Addressing cross-population domain shift in chest X-ray classification through supervised adversarial domain adaptation.

作者信息

Musa Aminu, Prasad Rajesh, Hernandez Monica

机构信息

Deparment of Computer Science, African University of Science and Technology, Abuja, 900107, Nigeria.
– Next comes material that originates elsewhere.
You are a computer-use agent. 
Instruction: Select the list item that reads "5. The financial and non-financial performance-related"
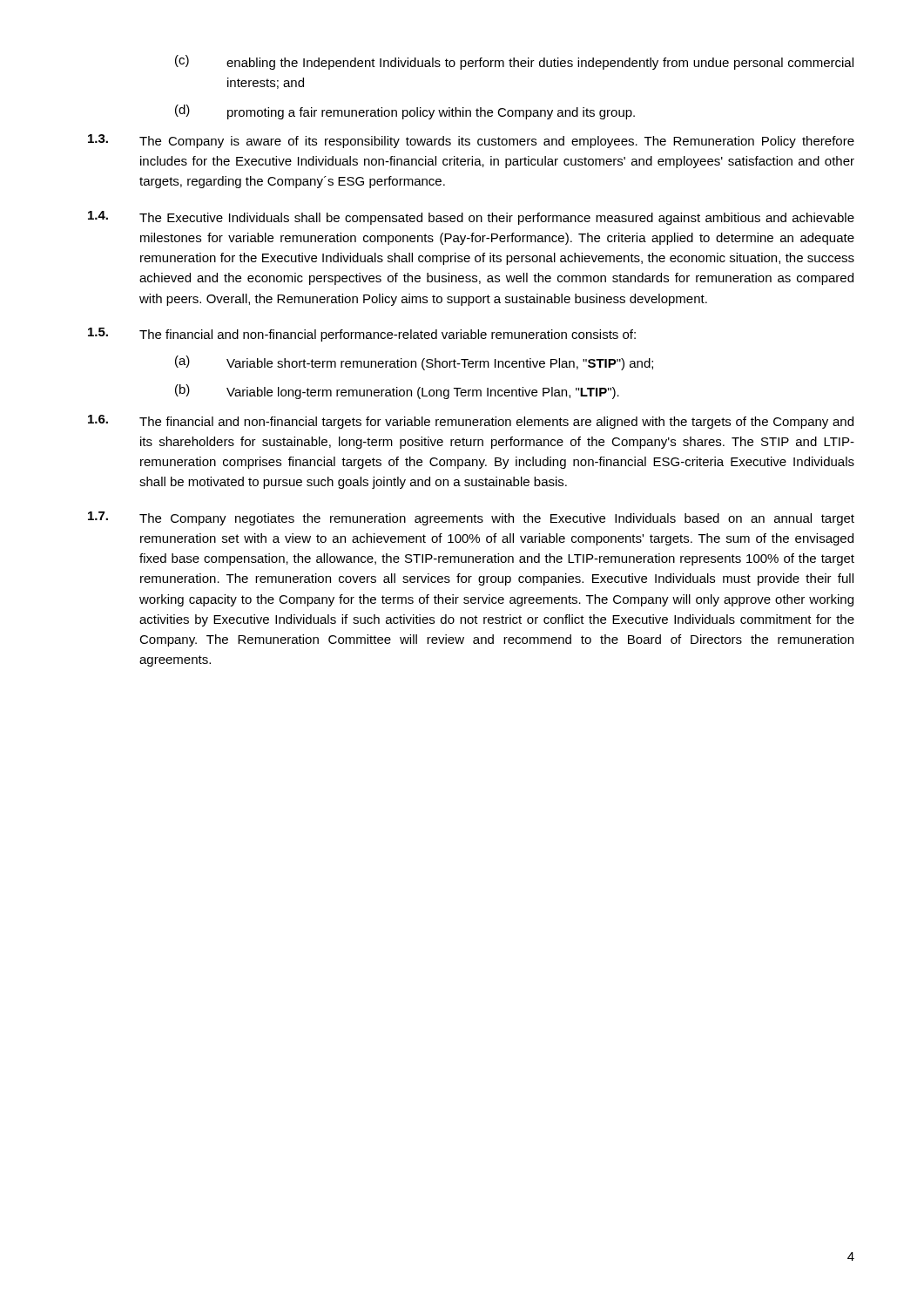click(x=471, y=334)

Department of Computer Science, Federal University Dutse, Dutse, Nigeria.

出版信息

Sci Rep. 2025 Apr 3;15(1):11383. doi: 10.1038/s41598-025-95390-3.

Abstract

Medical image analysis, empowered by artificial intelligence (AI), plays a crucial role in modern healthcare diagnostics. However, the effectiveness of machine learning models hinges on their ability to generalize to diverse patient populations, presenting domain shift challenges. This study explores the domain shift problem in chest X-ray classification, focusing on cross-population variations, especially in underrepresented groups. We analyze the impact of domain shifts across three population datasets acting as sources using a Nigerian chest X-ray dataset acting as the target. Model performance is evaluated to assess disparities between source and target populations, revealing large discrepancies when the models trained on a source were applied to the target domain. To address with the evident domain shift among the populations, we propose a supervised adversarial domain adaptation (ADA) technique. The feature extractor is first trained on the source domain using a supervised loss function in ADA. The feature extractor is then frozen, and an adversarial domain discriminator is introduced to distinguish between the source and target domains. Adversarial training fine-tunes the feature extractor, making features from both domains indistinguishable, thereby creating domain-invariant features. The technique was evaluated on the Nigerian dataset, showing significant improvements in chest X-ray classification performance. The proposed model achieved a 90.08% accuracy and a 96% AUC score, outperforming existing approaches such as multi-task learning (MTL) and continual learning (CL). This research highlights the importance of developing domain-aware models in AI-driven healthcare, offering a solution to cross-population domain shift challenges in medical imaging.

摘要

由人工智能(AI)赋能的医学图像分析在现代医疗诊断中发挥着关键作用。然而,机器学习模型的有效性取决于它们对不同患者群体的泛化能力,这带来了领域转移的挑战。本研究探讨胸部X光分类中的领域转移问题,重点关注跨人群差异,特别是在代表性不足的群体中。我们以尼日利亚胸部X光数据集为目标,分析了作为源的三个人口数据集之间领域转移的影响。评估模型性能以评估源人群和目标人群之间的差异,结果显示当在源数据上训练的模型应用于目标领域时存在很大差异。为了解决人群之间明显的领域转移问题,我们提出了一种监督对抗域适应(ADA)技术。在ADA中,首先使用监督损失函数在源域上训练特征提取器。然后冻结特征提取器,并引入一个对抗域判别器来区分源域和目标域。对抗训练对特征提取器进行微调,使两个域的特征无法区分,从而创建域不变特征。该技术在尼日利亚数据集上进行了评估,显示出胸部X光分类性能有显著提高。所提出的模型实现了90.08%的准确率和96%的AUC分数,优于多任务学习(MTL)和持续学习(CL)等现有方法。这项研究强调了在人工智能驱动的医疗保健中开发领域感知模型的重要性,为医学成像中的跨人群领域转移挑战提供了一种解决方案。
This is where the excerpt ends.